[Start of section]

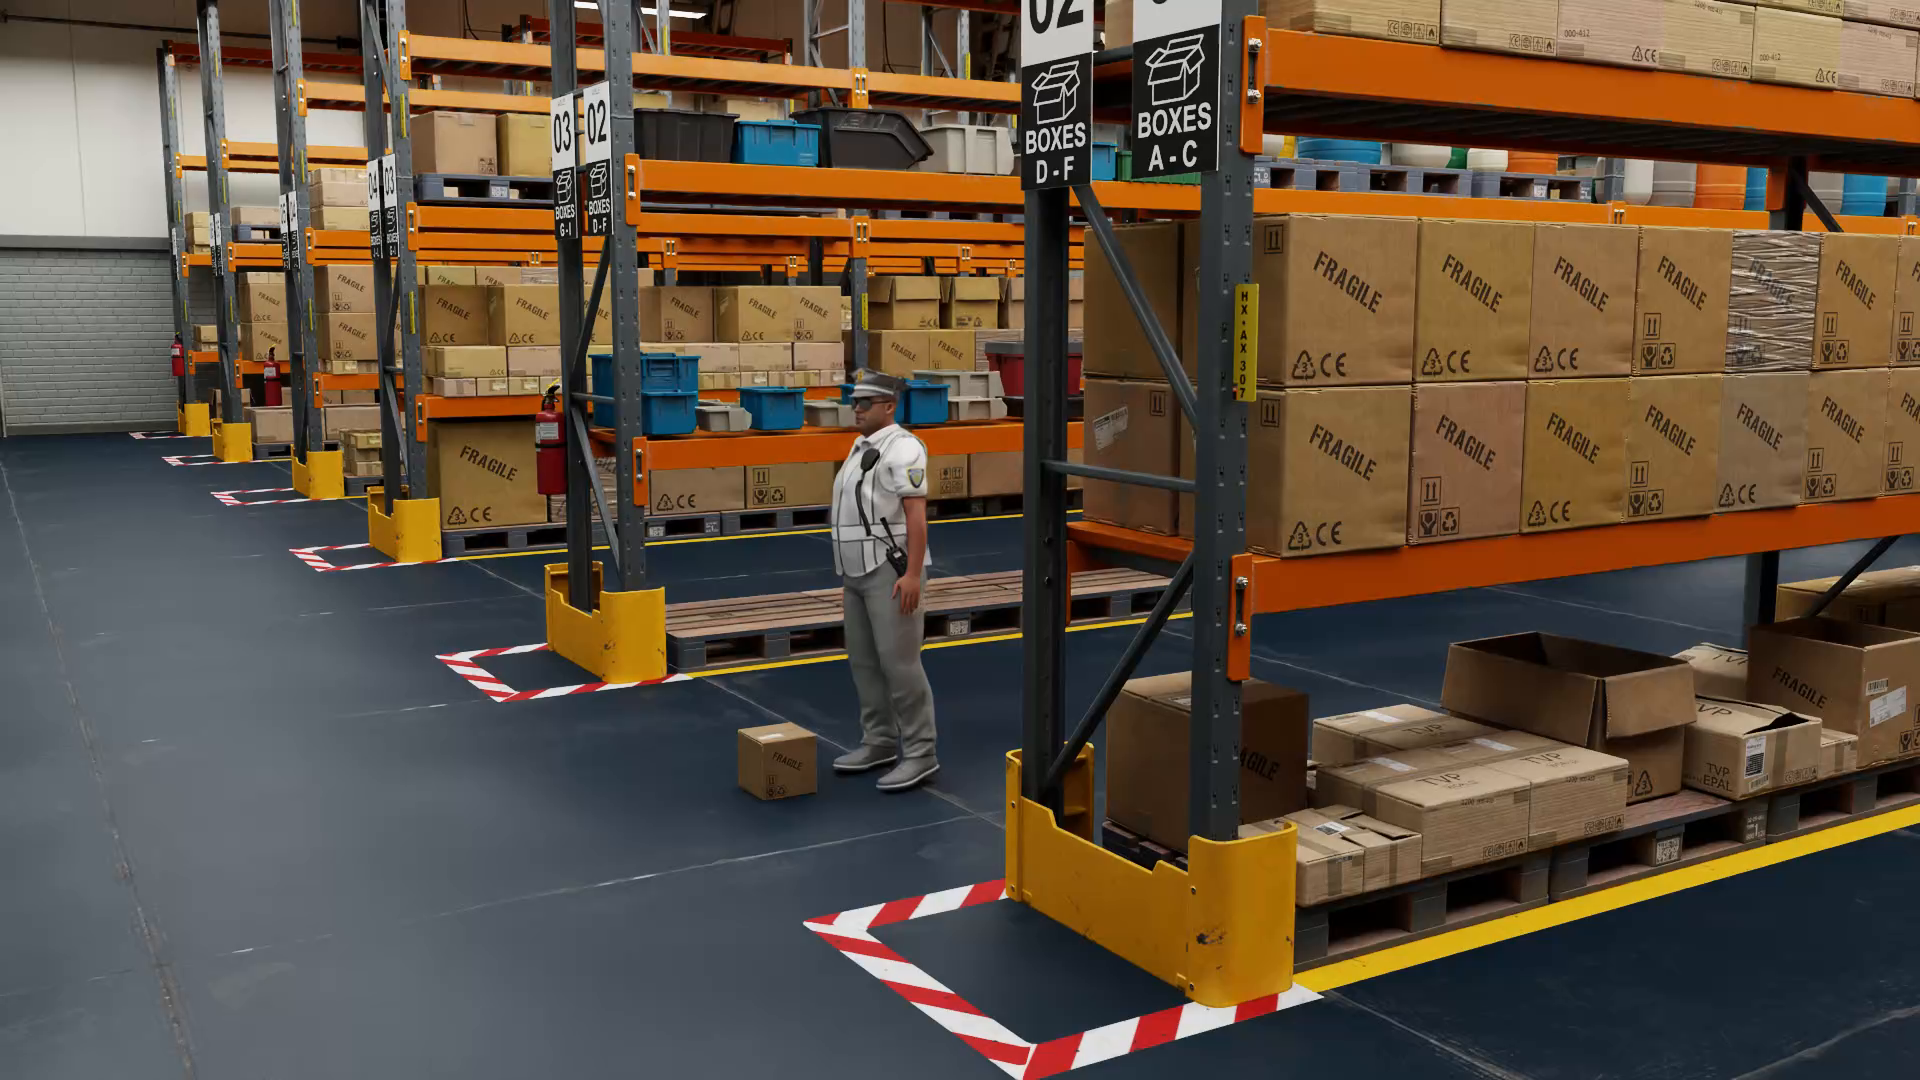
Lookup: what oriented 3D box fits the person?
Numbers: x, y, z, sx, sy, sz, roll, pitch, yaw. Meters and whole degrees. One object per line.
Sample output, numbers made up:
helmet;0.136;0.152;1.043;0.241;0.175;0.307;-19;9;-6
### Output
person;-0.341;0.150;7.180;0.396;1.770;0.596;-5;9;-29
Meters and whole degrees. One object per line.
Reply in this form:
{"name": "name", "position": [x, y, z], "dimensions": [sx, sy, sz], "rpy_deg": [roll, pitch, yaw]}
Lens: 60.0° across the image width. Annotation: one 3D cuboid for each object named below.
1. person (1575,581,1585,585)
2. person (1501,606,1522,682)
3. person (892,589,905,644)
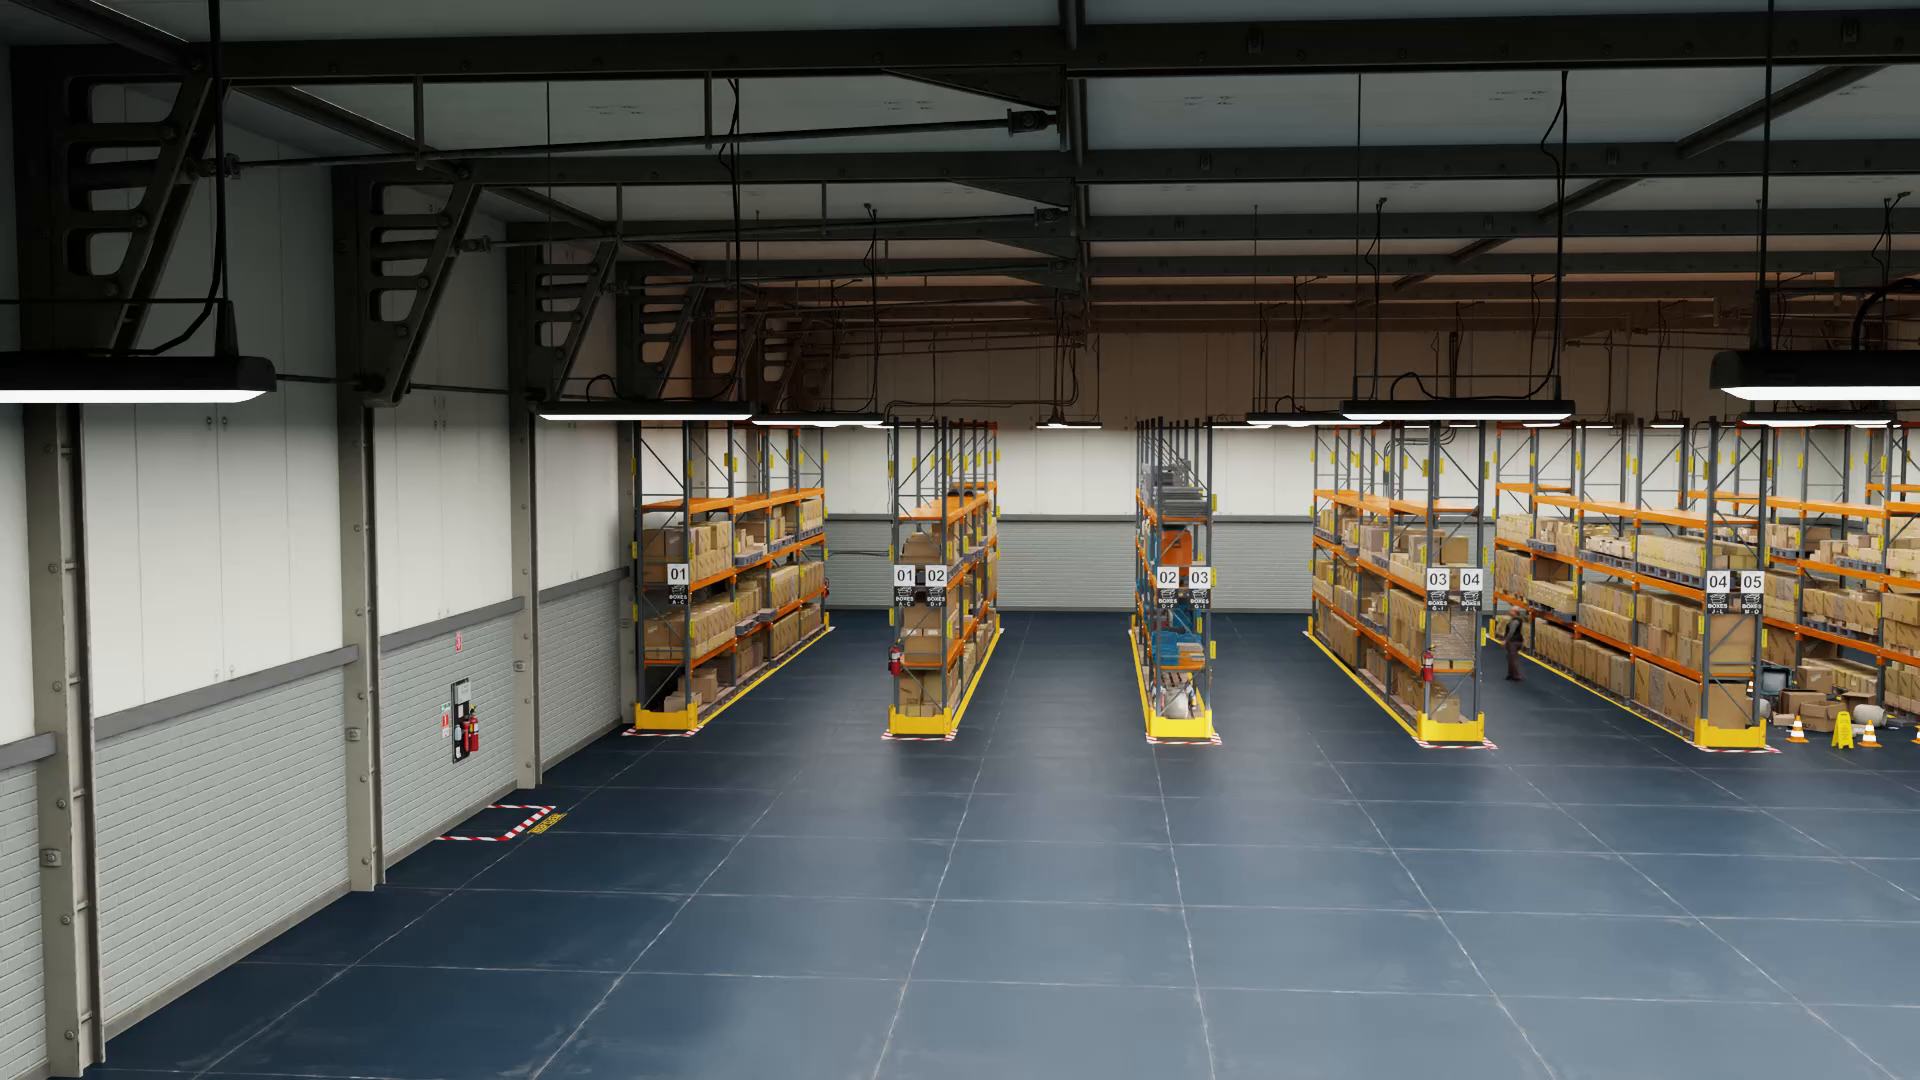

[End of section]

## [Instructions to follow]
Generate a word-for-word copy of the preceding records, excluding all pictures.

## [Answer to this problem]
Lookup: what oriented 3D box fits the person?
Numbers: x, y, z, sx, sy, sz, roll, pitch, yaw. Meters and whole degrees. One object per line.
Sample output, numbers made up:
helmet;0.136;0.152;1.043;0.241;0.175;0.307;-19;9;-6
### Output
person;-0.341;0.150;7.180;0.396;1.770;0.596;-5;9;-29
Meters and whole degrees. One object per line.
Reply in this form:
{"name": "name", "position": [x, y, z], "dimensions": [sx, sy, sz], "rpy_deg": [roll, pitch, yaw]}
Lens: 60.0° across the image width. Annotation: one 3D cuboid for each object named below.
1. person (1575,581,1585,585)
2. person (1501,606,1522,682)
3. person (892,589,905,644)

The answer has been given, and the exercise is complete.